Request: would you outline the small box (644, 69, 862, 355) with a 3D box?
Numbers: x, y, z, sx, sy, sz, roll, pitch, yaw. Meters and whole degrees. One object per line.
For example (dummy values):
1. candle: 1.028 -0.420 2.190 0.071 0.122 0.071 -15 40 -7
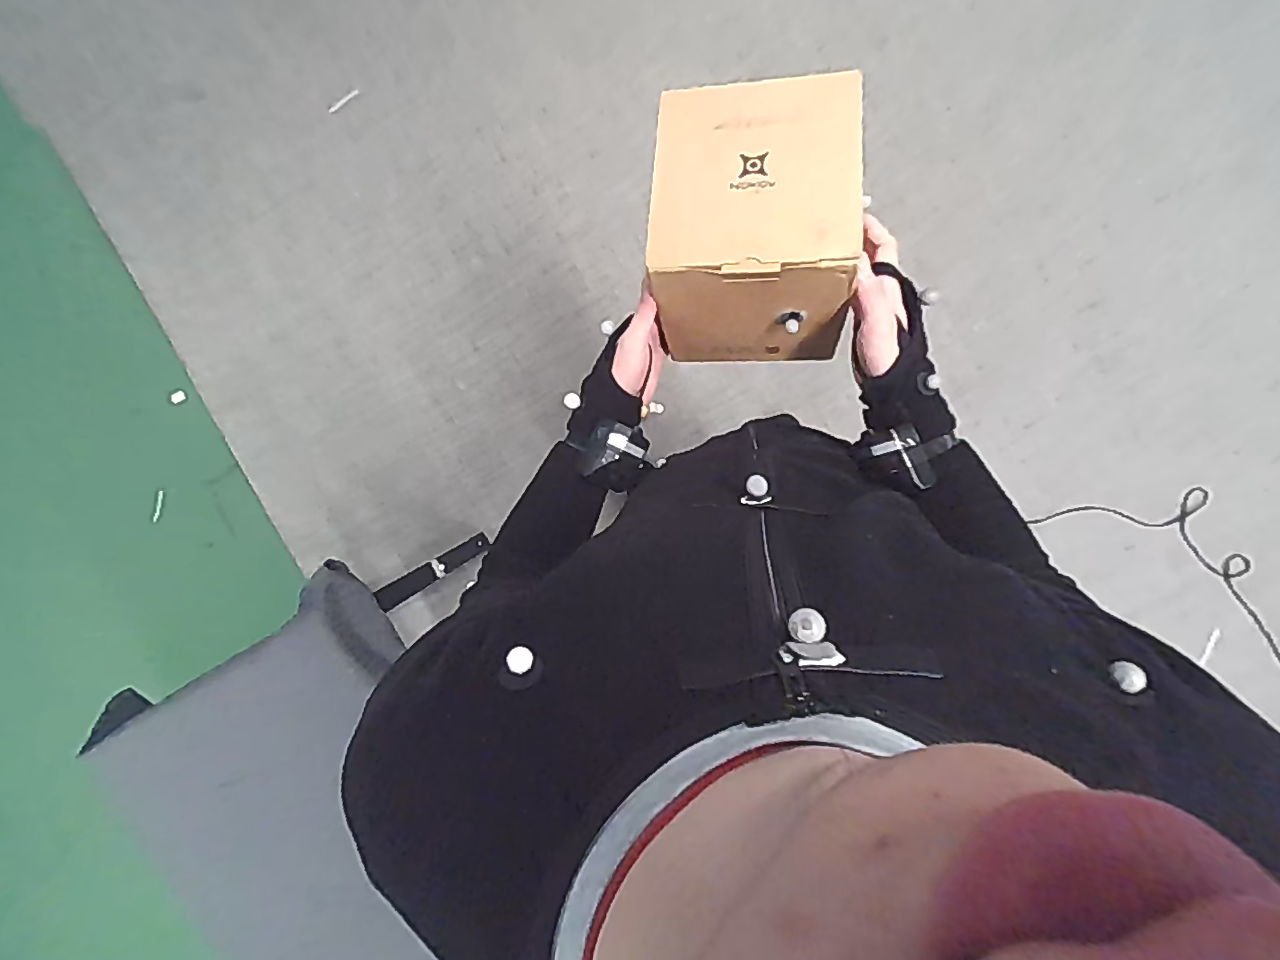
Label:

━━━

> [Your assignment]:
Only the lines from the one holding "1. candle: 1.028" to the last line of the entries above should be printed, exactly as they appear and with no pictures.

> [Worked solution]:
1. candle: 1.028 -0.420 2.190 0.071 0.122 0.071 -15 40 -7
Label:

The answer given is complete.